==== RECORDS SUPPLIED

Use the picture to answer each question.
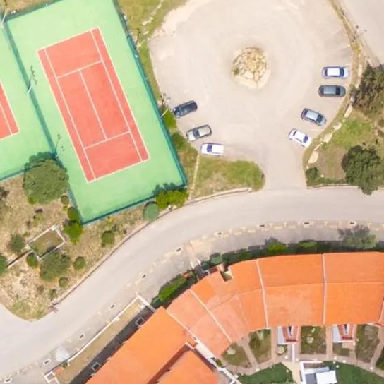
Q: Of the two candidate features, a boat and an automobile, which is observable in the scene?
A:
automobile
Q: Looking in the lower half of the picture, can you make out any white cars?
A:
No
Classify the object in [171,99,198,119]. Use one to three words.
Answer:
car
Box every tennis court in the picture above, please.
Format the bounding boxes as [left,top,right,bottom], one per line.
[0,0,59,177]
[9,0,192,223]
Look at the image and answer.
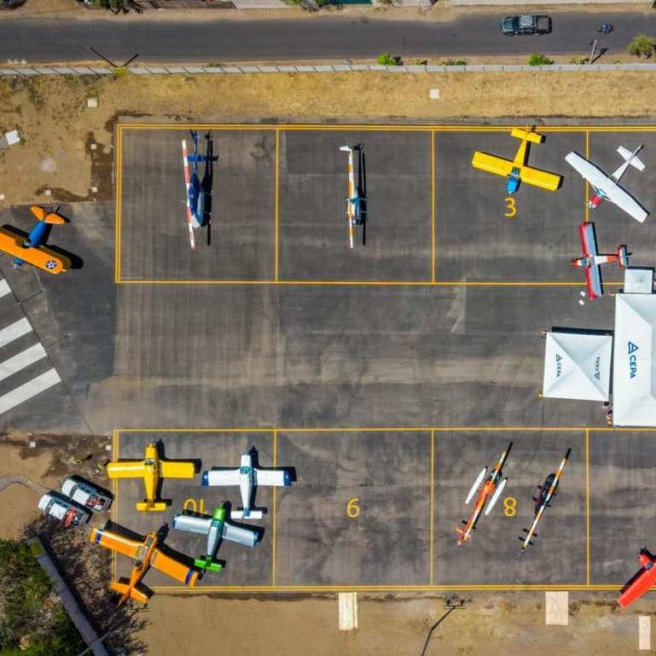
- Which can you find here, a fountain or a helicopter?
helicopter
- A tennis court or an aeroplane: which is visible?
aeroplane
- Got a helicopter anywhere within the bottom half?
Yes
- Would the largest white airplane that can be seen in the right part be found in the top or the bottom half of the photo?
top
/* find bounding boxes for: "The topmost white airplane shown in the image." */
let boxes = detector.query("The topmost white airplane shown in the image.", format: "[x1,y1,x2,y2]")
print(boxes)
[566,148,648,223]
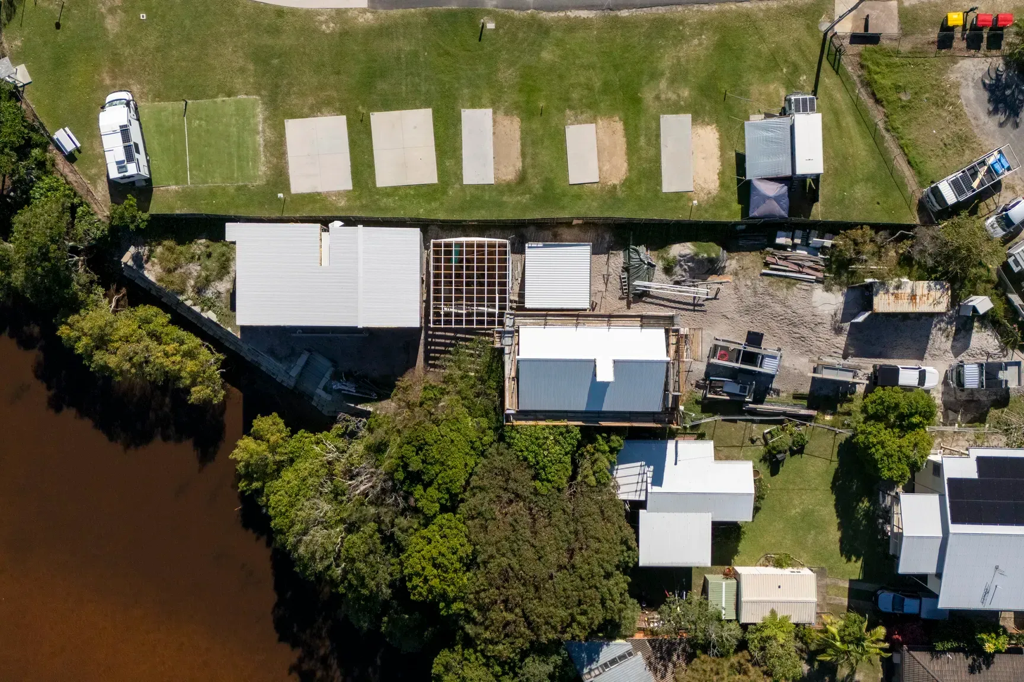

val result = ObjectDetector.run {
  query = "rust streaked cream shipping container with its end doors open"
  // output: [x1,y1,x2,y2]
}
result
[836,281,952,321]
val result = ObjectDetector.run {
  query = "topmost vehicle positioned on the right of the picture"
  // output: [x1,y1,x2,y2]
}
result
[782,94,818,118]
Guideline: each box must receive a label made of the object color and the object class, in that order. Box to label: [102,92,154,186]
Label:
white camper
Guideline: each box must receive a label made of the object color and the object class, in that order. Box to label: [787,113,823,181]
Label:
white vehicle
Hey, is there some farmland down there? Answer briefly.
No
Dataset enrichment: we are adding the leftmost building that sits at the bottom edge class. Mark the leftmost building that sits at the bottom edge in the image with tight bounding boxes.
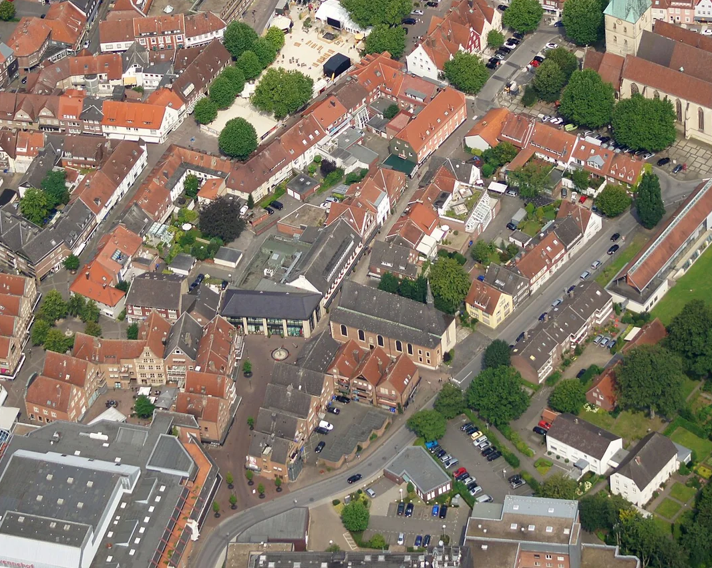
[0,409,222,568]
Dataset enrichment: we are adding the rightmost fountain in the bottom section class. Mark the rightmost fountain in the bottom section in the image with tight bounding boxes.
[270,348,289,361]
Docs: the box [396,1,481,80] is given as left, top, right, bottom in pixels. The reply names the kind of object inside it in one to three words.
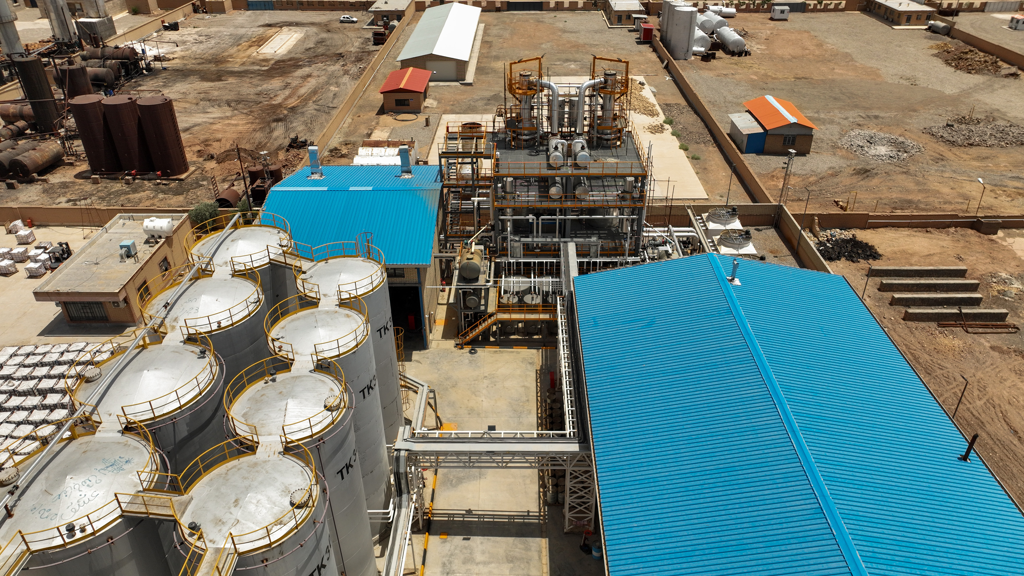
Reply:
shed
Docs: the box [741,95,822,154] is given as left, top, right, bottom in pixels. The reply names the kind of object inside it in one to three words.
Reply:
shed
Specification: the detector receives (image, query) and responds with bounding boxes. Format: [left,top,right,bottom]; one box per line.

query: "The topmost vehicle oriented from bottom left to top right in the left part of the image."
[372,18,397,43]
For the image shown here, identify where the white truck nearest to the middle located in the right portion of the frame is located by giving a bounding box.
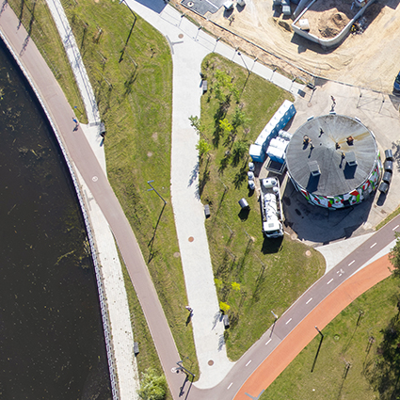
[253,172,281,238]
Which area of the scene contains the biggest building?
right
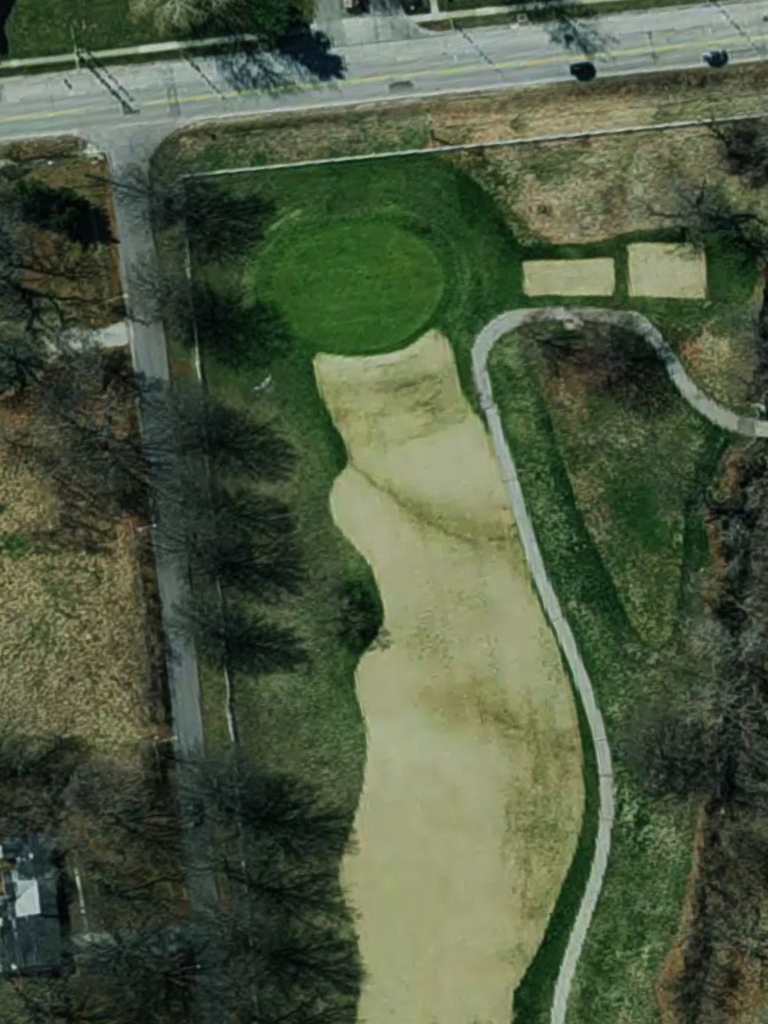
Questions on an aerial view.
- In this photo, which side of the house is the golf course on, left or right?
on the right
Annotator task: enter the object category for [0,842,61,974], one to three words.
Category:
house
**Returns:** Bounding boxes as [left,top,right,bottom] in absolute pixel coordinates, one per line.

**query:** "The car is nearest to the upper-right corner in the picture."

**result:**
[703,50,730,64]

========

* _TASK DIRECTIONS_:
Every line in the entries above that mentions the word "order" must be shown.

* _SOLUTION FOR THIS PROBLEM_:
Guideline: each box must receive a label made of the object color and the object class, in that order. Box to label: [102,92,154,186]
Guideline: each box must receive a label made of the object color and the object class, in that order. Box to label: [787,113,823,181]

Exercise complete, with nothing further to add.